WHAT YOU WILL DO:
Set down the entries again word for word, without any of the images.

EXTRACTED ENTRIES:
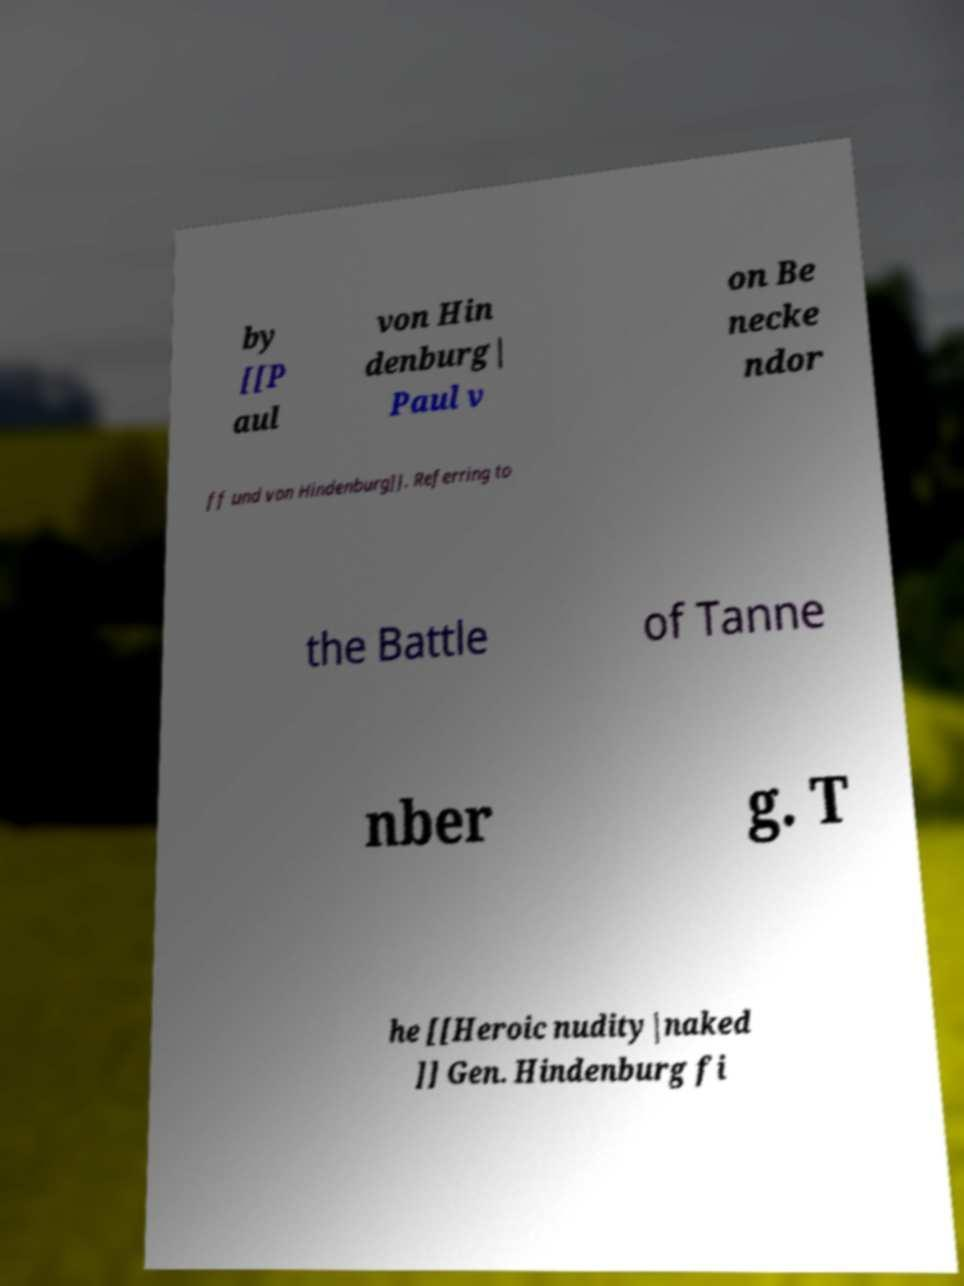For documentation purposes, I need the text within this image transcribed. Could you provide that? by [[P aul von Hin denburg| Paul v on Be necke ndor ff und von Hindenburg]]. Referring to the Battle of Tanne nber g. T he [[Heroic nudity|naked ]] Gen. Hindenburg fi 
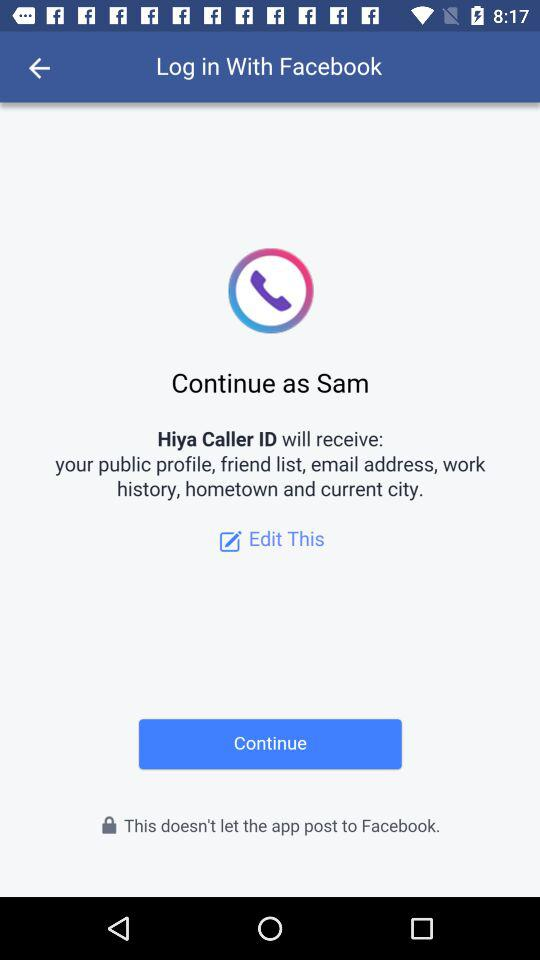What application is asking for permission? The application asking for permission is "Hiya Caller ID". 
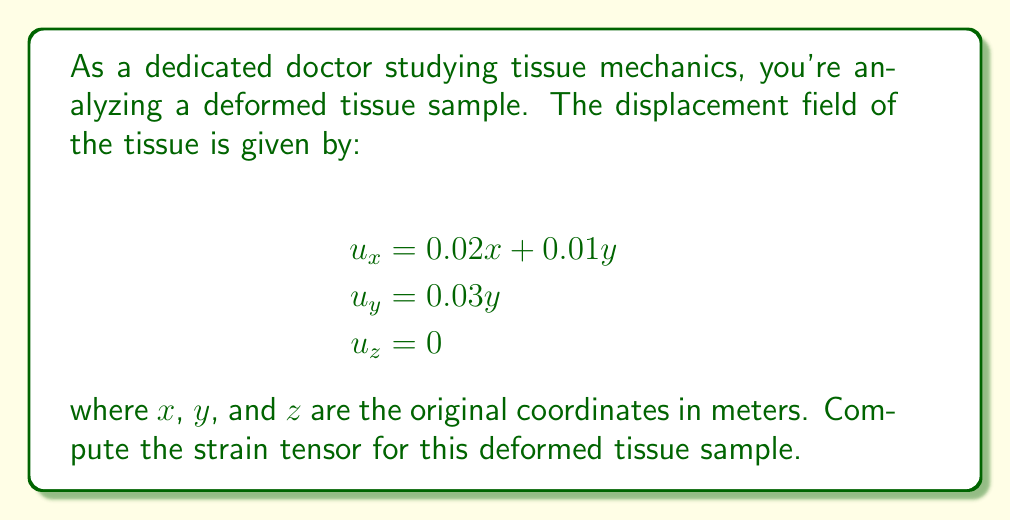What is the answer to this math problem? To compute the strain tensor for the deformed tissue sample, we'll follow these steps:

1) The strain tensor $\varepsilon_{ij}$ is defined as:

   $$\varepsilon_{ij} = \frac{1}{2}\left(\frac{\partial u_i}{\partial x_j} + \frac{\partial u_j}{\partial x_i}\right)$$

2) We need to calculate the partial derivatives:

   $$\frac{\partial u_x}{\partial x} = 0.02$$
   $$\frac{\partial u_x}{\partial y} = 0.01$$
   $$\frac{\partial u_x}{\partial z} = 0$$
   $$\frac{\partial u_y}{\partial x} = 0$$
   $$\frac{\partial u_y}{\partial y} = 0.03$$
   $$\frac{\partial u_y}{\partial z} = 0$$
   $$\frac{\partial u_z}{\partial x} = \frac{\partial u_z}{\partial y} = \frac{\partial u_z}{\partial z} = 0$$

3) Now, we can calculate each component of the strain tensor:

   $$\varepsilon_{xx} = \frac{\partial u_x}{\partial x} = 0.02$$
   
   $$\varepsilon_{yy} = \frac{\partial u_y}{\partial y} = 0.03$$
   
   $$\varepsilon_{zz} = \frac{\partial u_z}{\partial z} = 0$$
   
   $$\varepsilon_{xy} = \varepsilon_{yx} = \frac{1}{2}\left(\frac{\partial u_x}{\partial y} + \frac{\partial u_y}{\partial x}\right) = \frac{1}{2}(0.01 + 0) = 0.005$$
   
   $$\varepsilon_{xz} = \varepsilon_{zx} = \frac{1}{2}\left(\frac{\partial u_x}{\partial z} + \frac{\partial u_z}{\partial x}\right) = 0$$
   
   $$\varepsilon_{yz} = \varepsilon_{zy} = \frac{1}{2}\left(\frac{\partial u_y}{\partial z} + \frac{\partial u_z}{\partial y}\right) = 0$$

4) The strain tensor can now be written as:

   $$\varepsilon = \begin{bmatrix}
   0.02 & 0.005 & 0 \\
   0.005 & 0.03 & 0 \\
   0 & 0 & 0
   \end{bmatrix}$$
Answer: $$\varepsilon = \begin{bmatrix}
0.02 & 0.005 & 0 \\
0.005 & 0.03 & 0 \\
0 & 0 & 0
\end{bmatrix}$$

RESULT OF THE EXERCISE:
For documentation purposes, I need the text within this image transcribed. Could you provide that? by [[P aul von Hin denburg| Paul v on Be necke ndor ff und von Hindenburg]]. Referring to the Battle of Tanne nber g. T he [[Heroic nudity|naked ]] Gen. Hindenburg fi 
What application is asking for permission? The application asking for permission is "Hiya Caller ID". 
What is the answer to this math problem? To compute the strain tensor for the deformed tissue sample, we'll follow these steps:

1) The strain tensor $\varepsilon_{ij}$ is defined as:

   $$\varepsilon_{ij} = \frac{1}{2}\left(\frac{\partial u_i}{\partial x_j} + \frac{\partial u_j}{\partial x_i}\right)$$

2) We need to calculate the partial derivatives:

   $$\frac{\partial u_x}{\partial x} = 0.02$$
   $$\frac{\partial u_x}{\partial y} = 0.01$$
   $$\frac{\partial u_x}{\partial z} = 0$$
   $$\frac{\partial u_y}{\partial x} = 0$$
   $$\frac{\partial u_y}{\partial y} = 0.03$$
   $$\frac{\partial u_y}{\partial z} = 0$$
   $$\frac{\partial u_z}{\partial x} = \frac{\partial u_z}{\partial y} = \frac{\partial u_z}{\partial z} = 0$$

3) Now, we can calculate each component of the strain tensor:

   $$\varepsilon_{xx} = \frac{\partial u_x}{\partial x} = 0.02$$
   
   $$\varepsilon_{yy} = \frac{\partial u_y}{\partial y} = 0.03$$
   
   $$\varepsilon_{zz} = \frac{\partial u_z}{\partial z} = 0$$
   
   $$\varepsilon_{xy} = \varepsilon_{yx} = \frac{1}{2}\left(\frac{\partial u_x}{\partial y} + \frac{\partial u_y}{\partial x}\right) = \frac{1}{2}(0.01 + 0) = 0.005$$
   
   $$\varepsilon_{xz} = \varepsilon_{zx} = \frac{1}{2}\left(\frac{\partial u_x}{\partial z} + \frac{\partial u_z}{\partial x}\right) = 0$$
   
   $$\varepsilon_{yz} = \varepsilon_{zy} = \frac{1}{2}\left(\frac{\partial u_y}{\partial z} + \frac{\partial u_z}{\partial y}\right) = 0$$

4) The strain tensor can now be written as:

   $$\varepsilon = \begin{bmatrix}
   0.02 & 0.005 & 0 \\
   0.005 & 0.03 & 0 \\
   0 & 0 & 0
   \end{bmatrix}$$
Answer: $$\varepsilon = \begin{bmatrix}
0.02 & 0.005 & 0 \\
0.005 & 0.03 & 0 \\
0 & 0 & 0
\end{bmatrix}$$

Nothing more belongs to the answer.